*** INPUT DATA ***

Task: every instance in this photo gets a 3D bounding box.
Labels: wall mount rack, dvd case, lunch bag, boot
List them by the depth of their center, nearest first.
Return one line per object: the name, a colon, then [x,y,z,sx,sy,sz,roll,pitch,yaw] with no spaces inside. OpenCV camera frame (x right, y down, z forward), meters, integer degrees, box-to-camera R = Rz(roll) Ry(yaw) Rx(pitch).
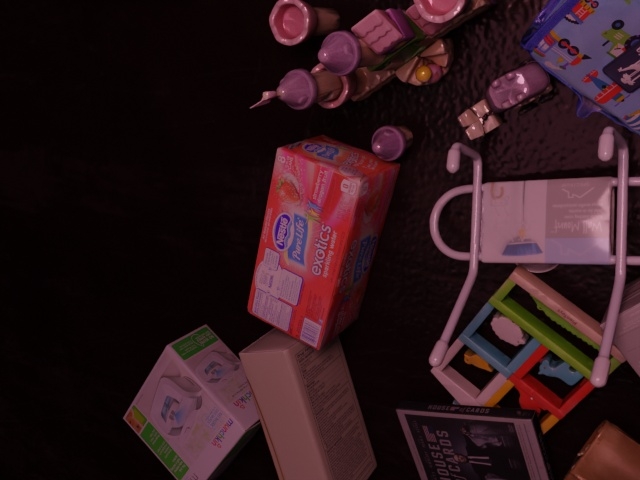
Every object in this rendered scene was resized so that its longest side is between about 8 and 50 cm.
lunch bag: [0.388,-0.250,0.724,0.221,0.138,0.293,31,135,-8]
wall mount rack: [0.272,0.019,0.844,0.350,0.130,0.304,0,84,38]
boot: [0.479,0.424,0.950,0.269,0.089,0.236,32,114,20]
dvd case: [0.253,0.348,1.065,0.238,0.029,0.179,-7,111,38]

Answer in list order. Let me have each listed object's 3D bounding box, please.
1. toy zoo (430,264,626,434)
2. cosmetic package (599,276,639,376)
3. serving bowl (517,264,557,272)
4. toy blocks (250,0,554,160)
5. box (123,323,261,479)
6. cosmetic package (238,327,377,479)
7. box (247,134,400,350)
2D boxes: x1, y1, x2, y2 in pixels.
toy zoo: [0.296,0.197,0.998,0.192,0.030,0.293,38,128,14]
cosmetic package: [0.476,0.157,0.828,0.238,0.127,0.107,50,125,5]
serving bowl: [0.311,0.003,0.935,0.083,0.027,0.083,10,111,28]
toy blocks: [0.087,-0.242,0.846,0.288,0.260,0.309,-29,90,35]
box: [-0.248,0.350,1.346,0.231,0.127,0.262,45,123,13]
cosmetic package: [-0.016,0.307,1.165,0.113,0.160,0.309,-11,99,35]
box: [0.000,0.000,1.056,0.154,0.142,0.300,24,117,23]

*** End of INPUT DATA ***

# EXERCISE DIRECTIONS
Images are to be omitted; everything else in the records is to be transcribed exactly.

# ANSWER FOR THIS EXERCISE
Task: every instance in this photo gets a 3D bounding box.
Labels: wall mount rack, dvd case, lunch bag, boot
List them by the depth of their center, nearest first.
Return one line per object: the name, a colon, then [x,y,z,sx,sy,sz,roll,pitch,yaw] with no spaces inside. OpenCV camera frame (x right, y down, z forward), meters, integer degrees, box-to-camera R = Rz(roll) Ry(yaw) Rx(pitch).
Every object in this rendered scene was resized so that its longest side is between about 8 and 50 cm.
lunch bag: [0.388,-0.250,0.724,0.221,0.138,0.293,31,135,-8]
wall mount rack: [0.272,0.019,0.844,0.350,0.130,0.304,0,84,38]
boot: [0.479,0.424,0.950,0.269,0.089,0.236,32,114,20]
dvd case: [0.253,0.348,1.065,0.238,0.029,0.179,-7,111,38]

Answer in list order. Let me have each listed object's 3D bounding box, please.
1. toy zoo (430,264,626,434)
2. cosmetic package (599,276,639,376)
3. serving bowl (517,264,557,272)
4. toy blocks (250,0,554,160)
5. box (123,323,261,479)
6. cosmetic package (238,327,377,479)
7. box (247,134,400,350)
2D boxes: x1, y1, x2, y2 in pixels.
toy zoo: [0.296,0.197,0.998,0.192,0.030,0.293,38,128,14]
cosmetic package: [0.476,0.157,0.828,0.238,0.127,0.107,50,125,5]
serving bowl: [0.311,0.003,0.935,0.083,0.027,0.083,10,111,28]
toy blocks: [0.087,-0.242,0.846,0.288,0.260,0.309,-29,90,35]
box: [-0.248,0.350,1.346,0.231,0.127,0.262,45,123,13]
cosmetic package: [-0.016,0.307,1.165,0.113,0.160,0.309,-11,99,35]
box: [0.000,0.000,1.056,0.154,0.142,0.300,24,117,23]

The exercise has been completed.